The calculator also includes thermal loss terms. Convection reduces stored energy at the surface. Radiation removes heat as temperature climbs. These effects matter when exposure times are longer or when the temperature gets high. The final result gives a more realistic engineering screening value than a simple energy-only equation.
Inputs that strongly change the result
Absorptivity is critical. A reflective surface absorbs less energy. A dark or coated surface absorbs more. Beam diameter is also important. A smaller spot concentrates energy and raises irradiance. Exposure time changes total absorbed energy. Thermal conductivity and specific heat change how fast heat spreads and how much energy the material can store.
Pulsed lasers add another layer. Pulse duration and repetition rate affect peak pulse power and pulse energy. These values help compare delicate marking work with aggressive heating or cutting conditions. The peak pulse power is especially useful for understanding local thermal spikes.
Best use in design work
Use this calculator for early design checks, setup comparison, and process tuning. It works well for screening materials, reviewing safety margin to melting point, and checking whether a planned beam setting looks reasonable. For final production approval, validate the result with measured absorptivity, real cooling conditions, and instrumented test samples.
FAQs
1. What does this calculator estimate?
It estimates absorbed energy, heated depth, thermal losses, temperature rise, and peak surface temperature. It also shows fluence, irradiance, and melting-point margin.
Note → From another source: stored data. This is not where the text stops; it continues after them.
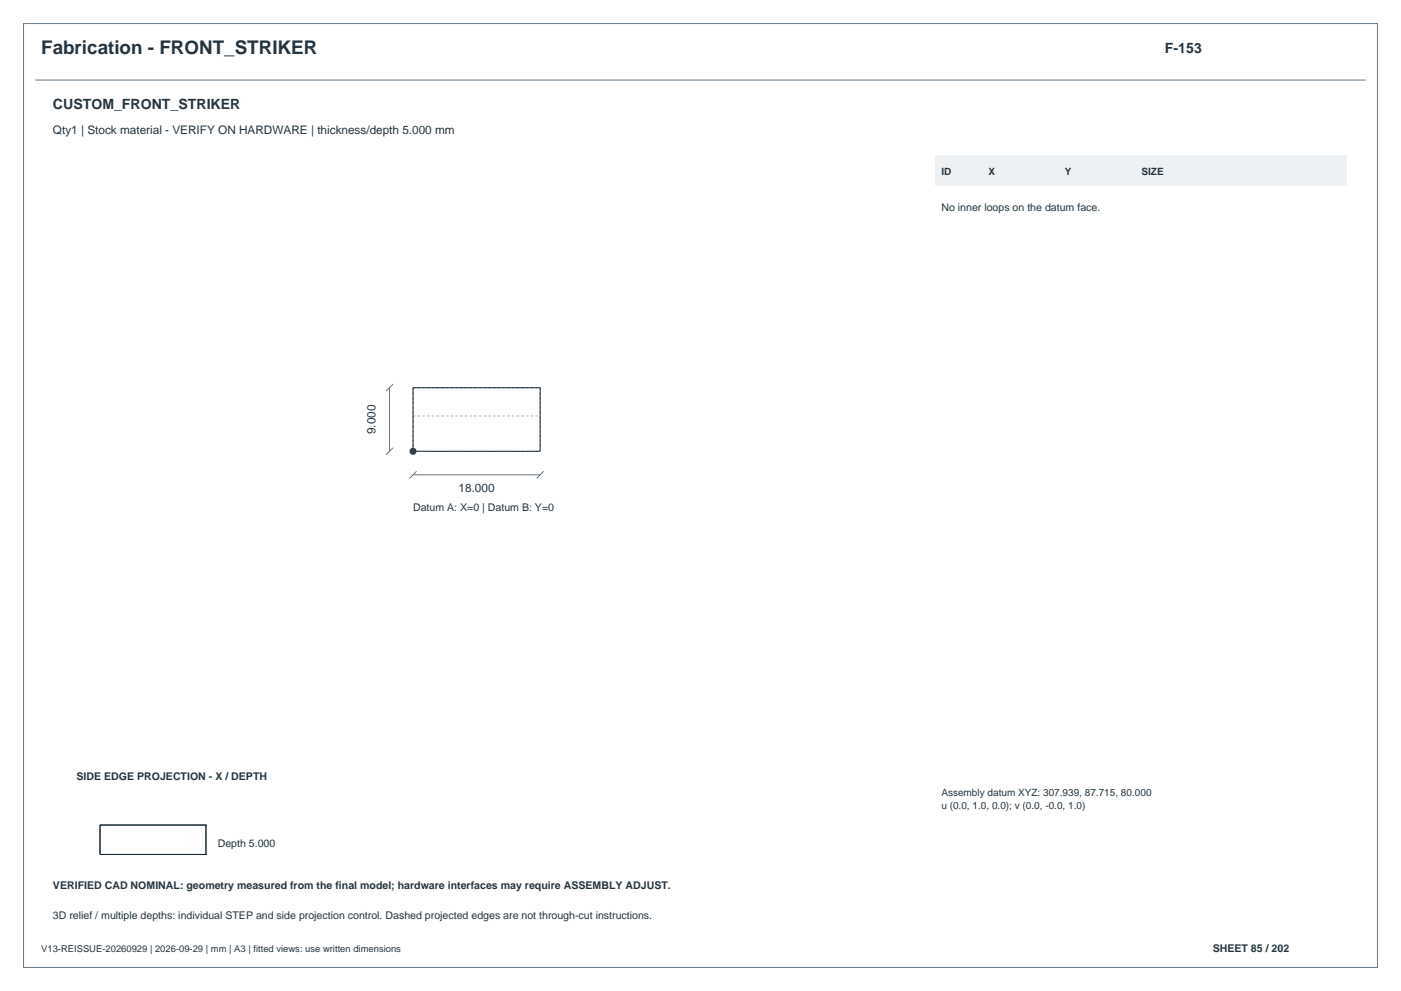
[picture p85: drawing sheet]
<svg xmlns="http://www.w3.org/2000/svg" width="420mm" height="297mm" viewBox="0 0 420 297" stroke-linecap="round" stroke-linejoin="round" font-family="sans-serif">
<defs><g id="words">
<text font-size="5.6" fill="#24343f" x="12.3" y="16.2">Fabrication - FRONT_STRIKER</text>
<g font-size="4.2" fill="#24343f">
<text x="349.2" y="15.9">F-153</text>
<text x="15.9" y="32.8">CUSTOM_FRONT_STRIKER</text>
</g>
<g font-size="3.5" fill="#24343f">
<text x="15.9" y="40.2">Qty1 | Stock material - VERIFY ON HARDWARE | thickness/depth 5.000 mm</text>
<text x="112.5" y="130.1" transform="rotate(-90 112.5 130.1)">9.000</text>
<text x="137.5" y="147.6">18.000</text>
</g>
<g font-size="3.2" fill="#24343f">
<text x="282.2" y="63.1">No inner loops on the datum face.</text>
<text x="123.8" y="153.2">Datum A: X=0 | Datum B: Y=0</text>
<text x="22.9" y="233.9">SIDE EDGE PROJECTION - X / DEPTH</text>
<text x="65.3" y="254">Depth 5.000</text>
<text x="15.9" y="266.3">VERIFIED CAD NOMINAL: geometry measured from the final model; hardware interfaces may require ASSEMBLY ADJUST.</text>
<text x="15.9" y="275.5">3D relief / multiple depths: individual STEP and side projection control. Dashed projected edges are not through-cut instructions.</text>
<text x="363.6" y="285.4">SHEET 85 / 202</text>
</g>
<g font-size="3" fill="#24343f">
<text x="282.2" y="52.5">ID</text>
<text x="296.3" y="52.5">X</text>
<text x="319.3" y="52.5">Y</text>
<text x="342.2" y="52.5">SIZE</text>
<text x="282.2" y="238.6">Assembly datum XYZ: 307.939, 87.715, 80.000</text>
<text x="282.2" y="242.5">u (0.0, 1.0, 0.0); v (0.0, -0.0, 1.0)</text>
</g>
<text font-size="2.8" fill="#24343f" x="12.3" y="285.4">V13-REISSUE-20260929 | 2026-09-29 | mm | A3 | fitted views: use written dimensions</text>
</g></defs>
<path d="M7.1 7.1h405.8v282.8h-405.8z" fill="none" stroke="#647b8a" stroke-width=".3"/>
<path d="M10.6 24h398.8M116.8 116.2v19.1M117.8 115.1l-2.1 2.2M117.8 134.2l-2.1 2.1M123.8 142.3h38.1M124.9 141.2l-2.1 2.2M163 141.2l-2.1 2.2" fill="none" stroke="#607687" stroke-width=".3"/>
<path d="M123.8 116.2h38.1M123.8 116.2v8.5M161.9 116.2v8.5M123.8 124.7h38.1M123.8 135.3h38.1M123.8 124.7v10.6M123.8 135.3v-19.1M161.9 124.7v10.6M161.9 135.3v-19.1" fill="none" stroke="#a4b2bd" stroke-width=".3" stroke-dasharray=".7 .7" stroke-linecap="butt"/>
<path d="M123.8 116.2h38.1v19.1h-38.1z" fill="none" stroke="#1b2932" stroke-width=".3"/>
<circle cx="123.8" cy="135.3" r="1.06" fill="#283f4e"/>
<path d="M280.5 46.5h123.4v9.2h-123.4z" fill-rule="evenodd" fill="#edf1f4"/>
<path d="M30 247.3h.1M30 256.1h.1M30 256.1h31.7M30 247.3h31.7M30 247.3v8.8M61.7 247.3h.1M61.7 256.1h.1M61.7 247.3v8.8" fill="none" stroke="#1b2932" stroke-width=".3"/>
<use href="#words"/>
</svg>

2. Is this tool valid for every laser process?
No. It is a first-pass engineering estimate. Real processes may need measured absorption data, transient modeling, beam profile analysis, and lab validation.
3. Why does absorptivity matter so much?
Absorptivity controls how much incident power becomes heat. A small change can strongly alter absorbed energy and predicted temperature rise.
4. Can I use it for pulsed and continuous lasers?
Yes. The calculator supports both modes. Pulsed mode also reports pulse count, pulse energy, and peak pulse power.
5. Why include emissivity and convection?
They account for heat loss. Radiation grows quickly at high temperature. Convection matters when exposure time increases or cooling airflow is present.
6. What is fluence in this tool?
Fluence is absorbed energy per unit area. It is shown in joules per square centimeter. It helps compare heating intensity across beam sizes.
7. Can this replace thermal simulation software?
No. It is useful for screening and quick design checks. Detailed parts still benefit from finite element analysis and real test data.
8. What should I do if the melting margin is negative?
Reduce power, increase beam diameter, shorten exposure time, improve cooling, or choose a material or coating with better thermal resistance.